Muchunti Mosque in Kuttichira is one of the most ancient mosques in Calicut. It is of particular importance to historians of Calicut’s heritage for several reasons: Firstly, it bears a stone inscription of circa 13th Century, itself a rare occurrence. The only other stone inscription of the Zamorin era is the one in Guruvayur Temple. Secondly, the inscription provides interesting clues to the linguistic evolution of Malayalam in the 13th Century. Thirdly, the contents of the bilingual inscription (in Malayalam and Arabic) records the grant of land for the up-keep of the Mosque, evidencing the continuation by the Zamorin of the secular tradition of the earlier Chera period grants of Sthanu Ravi to the Christian Church (Tarisappalli) and Bhaskara Ravi’s grant to the Jewish guild (Anchuvannam). According to historian Pius Malekandathil, however, this grant represented a reward to the Muslims by the Zamorin for supporting his state-building efforts. (Coastal Polity and the Changing Port- Hierarchy of Kerala)
Why is this Mosque called the ‘Muchunti Mosque’? Prof. MGS Narayanan explains: “Perhaps the name is a corruption of ‘Muchiyanre palli’ meaning the mosque founded by a person called ‘Muchiyan’. The term ‘Muchiyan’ itself appears to have contracted into ‘Muchin’ in course of time. There is an old aristocratic Muslim house called ‘Muchinrakam’ or the ‘house of Muchin’ close to the mosque.
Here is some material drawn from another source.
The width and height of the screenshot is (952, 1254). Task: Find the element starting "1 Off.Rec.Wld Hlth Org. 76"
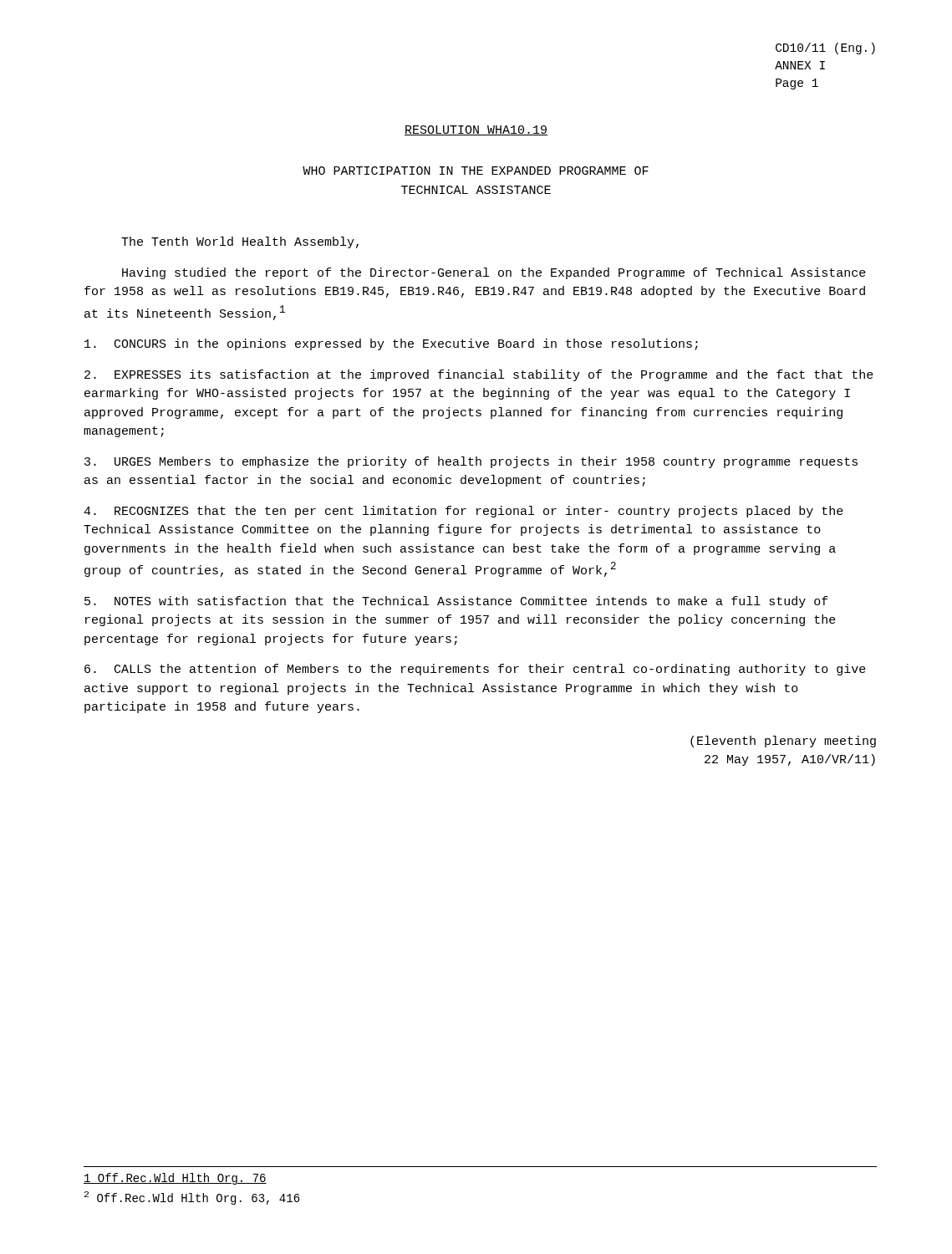tap(175, 1179)

A Jaram or burial monument is also found there. It is likely that a certain Arab merchant prince called ‘Muchiyan’ came and settled down here and built a mosque which was endowed with landed property by the Zamorin also.” (Cultural Symbiosis in Kerala , 1972)
This is admittedly a conjecture. Could there be an alternative explanation, we wondered?. Sure enough we found an alternative possibility on the streets of faraway Penang in Malyasia. On Pitt Street to be exact, named by the British after the Prime Minister, William Pitt, the Younger. The street is now called Jalan Masjid Kapitan Keling, after a mosque built by a South Indian Captain of a ship. Down the street one finds the Tamil area of Chulia Street, formerly called Muchanti (junction). A little away from this junction on the Penang Road, we come across a notable Malabar monument, in Kampung Malabar (the Malabar colony), named after a faith healer from Calicut named Syed Mustafa Idris Koya. The entire Penang Road is known in Tamil locally as Ezhu Muchanti (the junction of seven roads). Muchanti in Tamil means a junction and perhaps meant the same in 13th century Malayalam, too. Muchunti Palli in Calicut is also situated on a junction where three paths meet. Did Muchanti Palli become Muchunti Palli in due course?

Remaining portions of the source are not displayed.